***** Provided data

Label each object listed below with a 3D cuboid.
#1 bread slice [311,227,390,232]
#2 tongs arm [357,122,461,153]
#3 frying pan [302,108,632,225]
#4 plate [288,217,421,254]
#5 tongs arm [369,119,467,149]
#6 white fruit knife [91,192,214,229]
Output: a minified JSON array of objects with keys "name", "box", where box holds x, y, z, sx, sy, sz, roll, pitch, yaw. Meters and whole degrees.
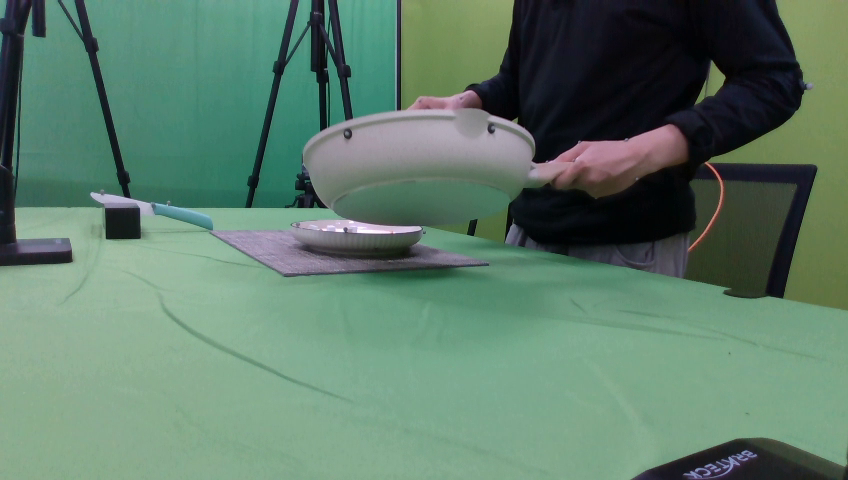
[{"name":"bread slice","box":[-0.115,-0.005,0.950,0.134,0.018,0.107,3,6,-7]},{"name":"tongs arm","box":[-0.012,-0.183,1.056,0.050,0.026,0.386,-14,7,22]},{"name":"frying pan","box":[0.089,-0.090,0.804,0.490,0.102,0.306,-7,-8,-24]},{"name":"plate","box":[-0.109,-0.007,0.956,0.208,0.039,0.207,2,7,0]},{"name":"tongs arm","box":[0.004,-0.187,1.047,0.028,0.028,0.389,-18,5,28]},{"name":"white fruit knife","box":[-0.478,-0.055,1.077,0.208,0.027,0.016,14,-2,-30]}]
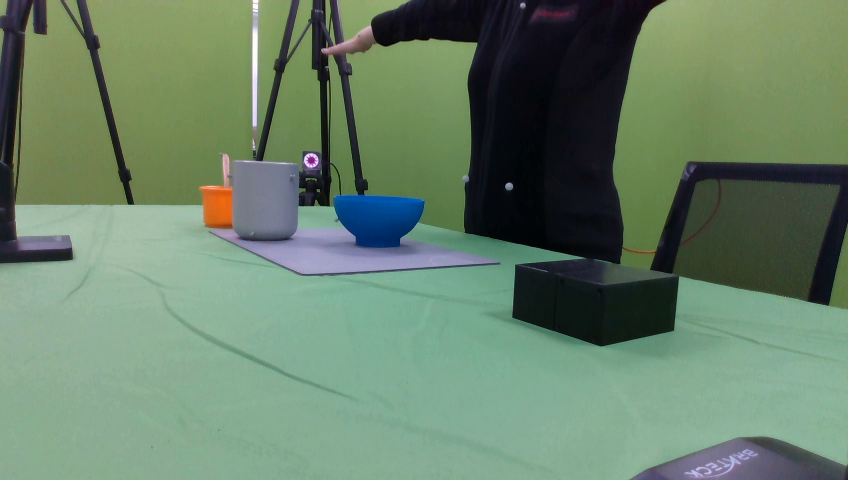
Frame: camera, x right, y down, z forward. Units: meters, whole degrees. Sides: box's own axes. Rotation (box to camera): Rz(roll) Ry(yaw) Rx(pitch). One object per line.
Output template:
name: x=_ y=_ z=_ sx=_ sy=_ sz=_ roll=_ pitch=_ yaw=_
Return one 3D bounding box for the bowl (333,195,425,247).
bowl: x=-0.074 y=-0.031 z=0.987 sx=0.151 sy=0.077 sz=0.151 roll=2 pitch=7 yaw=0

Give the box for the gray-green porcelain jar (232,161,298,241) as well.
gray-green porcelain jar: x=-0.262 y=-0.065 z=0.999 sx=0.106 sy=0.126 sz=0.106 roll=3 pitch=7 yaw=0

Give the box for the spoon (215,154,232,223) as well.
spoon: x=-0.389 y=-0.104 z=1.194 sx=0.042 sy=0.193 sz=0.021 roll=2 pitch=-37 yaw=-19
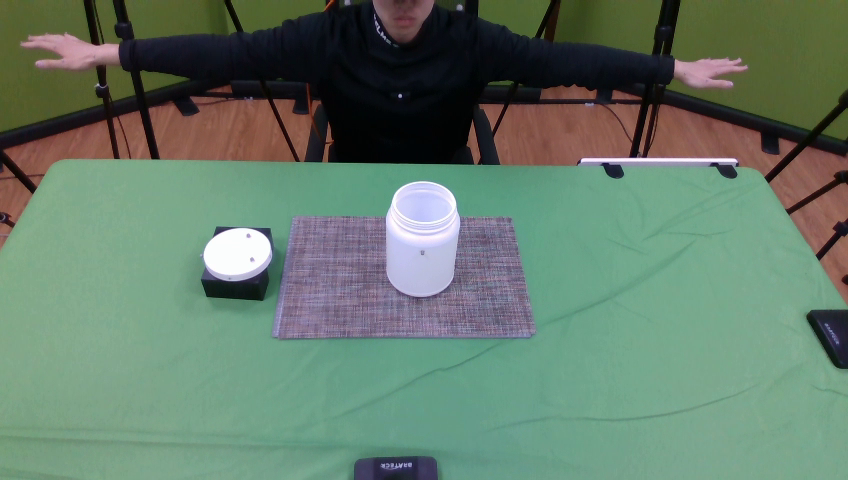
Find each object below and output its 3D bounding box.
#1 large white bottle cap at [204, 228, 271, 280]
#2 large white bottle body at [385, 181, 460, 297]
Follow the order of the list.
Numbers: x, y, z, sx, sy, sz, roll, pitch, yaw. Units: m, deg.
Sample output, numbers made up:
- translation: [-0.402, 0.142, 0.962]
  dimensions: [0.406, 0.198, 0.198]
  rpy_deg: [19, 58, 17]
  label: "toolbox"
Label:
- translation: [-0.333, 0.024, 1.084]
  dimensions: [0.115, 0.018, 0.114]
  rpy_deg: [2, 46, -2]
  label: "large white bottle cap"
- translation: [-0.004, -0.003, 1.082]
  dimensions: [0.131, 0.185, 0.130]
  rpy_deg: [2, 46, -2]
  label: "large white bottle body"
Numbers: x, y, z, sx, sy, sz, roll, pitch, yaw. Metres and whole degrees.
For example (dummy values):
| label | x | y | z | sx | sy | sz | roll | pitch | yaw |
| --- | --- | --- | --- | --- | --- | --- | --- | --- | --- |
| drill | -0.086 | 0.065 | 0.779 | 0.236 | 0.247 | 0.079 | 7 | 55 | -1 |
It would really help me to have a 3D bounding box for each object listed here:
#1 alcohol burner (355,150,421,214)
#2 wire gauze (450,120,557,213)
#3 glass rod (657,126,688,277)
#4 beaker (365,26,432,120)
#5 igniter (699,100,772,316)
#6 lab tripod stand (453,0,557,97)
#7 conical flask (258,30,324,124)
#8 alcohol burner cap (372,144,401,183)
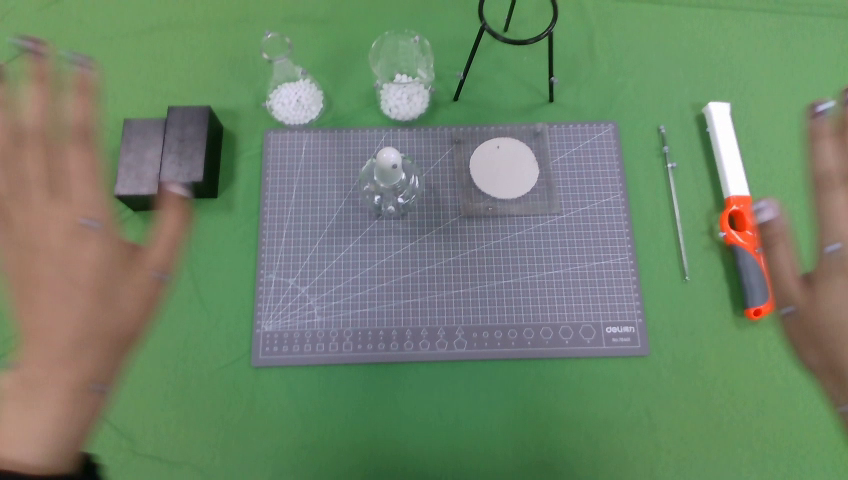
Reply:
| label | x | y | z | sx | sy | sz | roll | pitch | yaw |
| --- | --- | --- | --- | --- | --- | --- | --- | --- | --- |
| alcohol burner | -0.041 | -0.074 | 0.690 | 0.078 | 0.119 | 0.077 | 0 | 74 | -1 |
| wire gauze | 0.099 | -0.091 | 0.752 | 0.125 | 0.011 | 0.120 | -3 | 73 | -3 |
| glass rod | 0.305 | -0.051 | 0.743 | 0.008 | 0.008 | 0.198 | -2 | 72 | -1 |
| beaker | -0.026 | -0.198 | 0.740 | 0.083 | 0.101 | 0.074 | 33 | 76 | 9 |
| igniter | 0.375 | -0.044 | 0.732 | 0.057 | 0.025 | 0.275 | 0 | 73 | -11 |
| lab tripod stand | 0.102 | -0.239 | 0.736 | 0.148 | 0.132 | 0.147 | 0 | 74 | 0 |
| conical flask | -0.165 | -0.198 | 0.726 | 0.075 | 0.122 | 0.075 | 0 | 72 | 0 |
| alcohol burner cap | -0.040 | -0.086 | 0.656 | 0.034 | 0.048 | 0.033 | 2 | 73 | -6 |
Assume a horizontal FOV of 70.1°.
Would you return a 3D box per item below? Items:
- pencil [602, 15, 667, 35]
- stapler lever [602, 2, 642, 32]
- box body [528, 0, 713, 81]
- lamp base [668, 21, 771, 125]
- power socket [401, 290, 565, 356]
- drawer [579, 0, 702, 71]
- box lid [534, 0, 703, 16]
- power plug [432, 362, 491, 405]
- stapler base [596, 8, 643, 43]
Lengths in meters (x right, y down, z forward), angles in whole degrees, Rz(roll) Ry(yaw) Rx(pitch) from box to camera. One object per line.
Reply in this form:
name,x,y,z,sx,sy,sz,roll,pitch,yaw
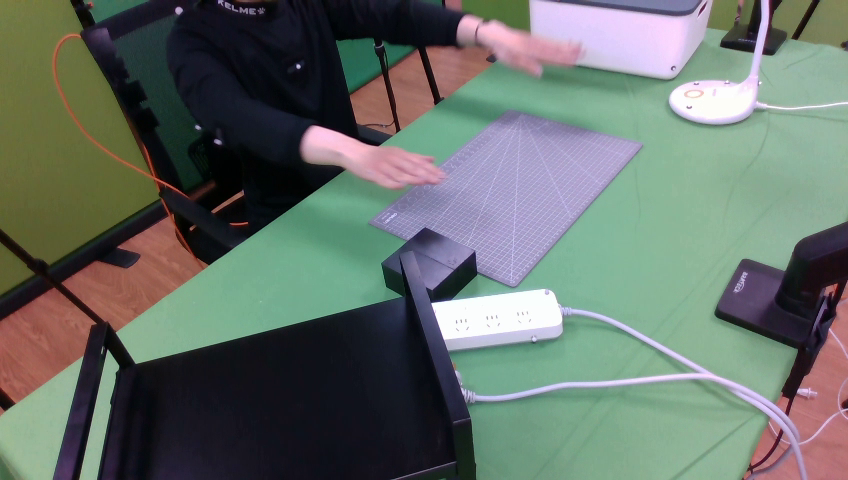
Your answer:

**********

■ Problem details
Take the entries above and return only the lines from the one with "0.079 | 7 | 55 | -1 |" to the one with "#6 lab tripod stand (453,0,557,97)", both included, unchanged.

■ Solution for this problem
| drill | -0.086 | 0.065 | 0.779 | 0.236 | 0.247 | 0.079 | 7 | 55 | -1 |
It would really help me to have a 3D bounding box for each object listed here:
#1 alcohol burner (355,150,421,214)
#2 wire gauze (450,120,557,213)
#3 glass rod (657,126,688,277)
#4 beaker (365,26,432,120)
#5 igniter (699,100,772,316)
#6 lab tripod stand (453,0,557,97)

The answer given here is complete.